*WHAT THE EXERCISE ASKS*
A word-for-word repeat of all the data is the goal.

*DATA FOR ANALYSIS*
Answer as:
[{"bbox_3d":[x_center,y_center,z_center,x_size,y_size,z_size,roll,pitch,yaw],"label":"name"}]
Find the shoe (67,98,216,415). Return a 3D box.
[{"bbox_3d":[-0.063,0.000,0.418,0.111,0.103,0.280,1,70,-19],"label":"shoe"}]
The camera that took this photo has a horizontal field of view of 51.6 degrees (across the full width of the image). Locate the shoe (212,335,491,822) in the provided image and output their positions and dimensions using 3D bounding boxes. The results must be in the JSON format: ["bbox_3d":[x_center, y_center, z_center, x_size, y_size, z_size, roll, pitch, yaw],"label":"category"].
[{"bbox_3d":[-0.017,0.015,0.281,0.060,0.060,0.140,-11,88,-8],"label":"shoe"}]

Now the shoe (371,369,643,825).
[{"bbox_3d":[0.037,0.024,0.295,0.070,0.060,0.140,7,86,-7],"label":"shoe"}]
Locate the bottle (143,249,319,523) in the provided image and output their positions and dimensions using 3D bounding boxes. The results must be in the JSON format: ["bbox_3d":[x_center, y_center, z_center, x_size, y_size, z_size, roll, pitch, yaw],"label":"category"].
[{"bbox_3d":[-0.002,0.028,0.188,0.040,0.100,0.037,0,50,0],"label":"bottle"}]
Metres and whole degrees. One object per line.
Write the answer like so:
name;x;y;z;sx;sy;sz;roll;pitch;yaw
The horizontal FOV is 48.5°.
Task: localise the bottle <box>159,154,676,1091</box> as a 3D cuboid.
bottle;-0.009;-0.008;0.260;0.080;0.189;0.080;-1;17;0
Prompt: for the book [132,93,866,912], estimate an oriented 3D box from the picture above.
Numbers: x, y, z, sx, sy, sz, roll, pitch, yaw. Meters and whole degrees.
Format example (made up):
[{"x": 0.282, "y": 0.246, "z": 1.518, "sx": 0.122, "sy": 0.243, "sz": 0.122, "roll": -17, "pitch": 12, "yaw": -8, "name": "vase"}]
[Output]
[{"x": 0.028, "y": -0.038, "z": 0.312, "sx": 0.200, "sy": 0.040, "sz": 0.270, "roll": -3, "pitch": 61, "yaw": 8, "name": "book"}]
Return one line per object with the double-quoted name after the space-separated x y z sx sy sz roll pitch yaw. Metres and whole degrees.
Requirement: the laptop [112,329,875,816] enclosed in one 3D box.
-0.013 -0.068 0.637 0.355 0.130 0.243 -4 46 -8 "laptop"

*EXERCISE RESULT*
Answer as:
[{"bbox_3d":[x_center,y_center,z_center,x_size,y_size,z_size,roll,pitch,yaw],"label":"name"}]
Find the shoe (67,98,216,415). Return a 3D box.
[{"bbox_3d":[-0.063,0.000,0.418,0.111,0.103,0.280,1,70,-19],"label":"shoe"}]
The camera that took this photo has a horizontal field of view of 51.6 degrees (across the full width of the image). Locate the shoe (212,335,491,822) in the provided image and output their positions and dimensions using 3D bounding boxes. The results must be in the JSON format: ["bbox_3d":[x_center, y_center, z_center, x_size, y_size, z_size, roll, pitch, yaw],"label":"category"].
[{"bbox_3d":[-0.017,0.015,0.281,0.060,0.060,0.140,-11,88,-8],"label":"shoe"}]

Now the shoe (371,369,643,825).
[{"bbox_3d":[0.037,0.024,0.295,0.070,0.060,0.140,7,86,-7],"label":"shoe"}]
Locate the bottle (143,249,319,523) in the provided image and output their positions and dimensions using 3D bounding boxes. The results must be in the JSON format: ["bbox_3d":[x_center, y_center, z_center, x_size, y_size, z_size, roll, pitch, yaw],"label":"category"].
[{"bbox_3d":[-0.002,0.028,0.188,0.040,0.100,0.037,0,50,0],"label":"bottle"}]
Metres and whole degrees. One object per line.
Write the answer like so:
name;x;y;z;sx;sy;sz;roll;pitch;yaw
The horizontal FOV is 48.5°.
Task: localise the bottle <box>159,154,676,1091</box> as a 3D cuboid.
bottle;-0.009;-0.008;0.260;0.080;0.189;0.080;-1;17;0
Prompt: for the book [132,93,866,912], estimate an oriented 3D box from the picture above.
Numbers: x, y, z, sx, sy, sz, roll, pitch, yaw. Meters and whole degrees.
Format example (made up):
[{"x": 0.282, "y": 0.246, "z": 1.518, "sx": 0.122, "sy": 0.243, "sz": 0.122, "roll": -17, "pitch": 12, "yaw": -8, "name": "vase"}]
[Output]
[{"x": 0.028, "y": -0.038, "z": 0.312, "sx": 0.200, "sy": 0.040, "sz": 0.270, "roll": -3, "pitch": 61, "yaw": 8, "name": "book"}]
Return one line per object with the double-quoted name after the space-separated x y z sx sy sz roll pitch yaw. Metres and whole degrees.
Requirement: the laptop [112,329,875,816] enclosed in one 3D box.
-0.013 -0.068 0.637 0.355 0.130 0.243 -4 46 -8 "laptop"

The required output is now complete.